This post uses the Trail of Bits Algo project as the deployment wrapper and WireGuard as the client VPN. The exact commands can drift over time, so treat this as a practical workflow rather than frozen vendor documentation.

2026 context: this is a handy lab or personal setup, not enterprise VPN architecture. Before using Algo today, check the current project status, supported cloud providers, supported operating systems, and whether WireGuard directly, Tailscale, Cloudflare WARP, or your cloud provider’s native VPN service is a better fit.

The pattern

The good pattern here is disposable infrastructure:

  • Create a small VPN endpoint in Azure, AWS, or another supported provider.
  • Generate strong per-device client configurations.
  • Store those client configurations as credentials.
  • Confirm the cloud firewall exposes only the required ports.
  • Tear the server down when the use case is finished.

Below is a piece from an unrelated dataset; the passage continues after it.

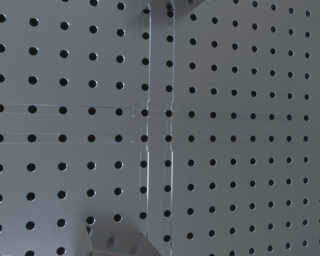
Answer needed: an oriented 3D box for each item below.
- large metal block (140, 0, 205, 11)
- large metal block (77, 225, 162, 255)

Do not let a forgotten personal VPN become a mystery Internet-facing box in your subscription.

Deploying Algo

If you are on Windows, using WSL generally makes the deployment process smoother.

  1. Make sure the Azure CLI or equivalent cloud CLI is installed and authenticated.
  2. Clone the Algo repository:
git clone https://github.com/trailofbits/algo.git
cd algo
  1. Create the Python environment and install the dependencies:
python3 -m virtualenv --python="$(command -v python3)" .env
source .env/bin/activate
python3 -m pip install -U pip virtualenv
python3 -m pip install -r requirements.txt

algodeps

  1. Edit config.cfg to suit the deployment. At minimum, define the users/devices that should receive VPN profiles.
  2. Run the deployment wizard:
./algo
  1. Answer the provider and configuration questions.

When deployment succeeds, Algo writes the generated client material into the configs/ directory:

#                          Congratulations!                            #
#                     Your Algo server is running.                     #
#    Config files and certificates are in the ./configs/ directory.    #
#              Go to https://whoer.net/ after connecting               #
#        and ensure that all your traffic passes through the VPN.      #

After deployment, confirm the cloud security group or NSG exposes only the ports Algo requires.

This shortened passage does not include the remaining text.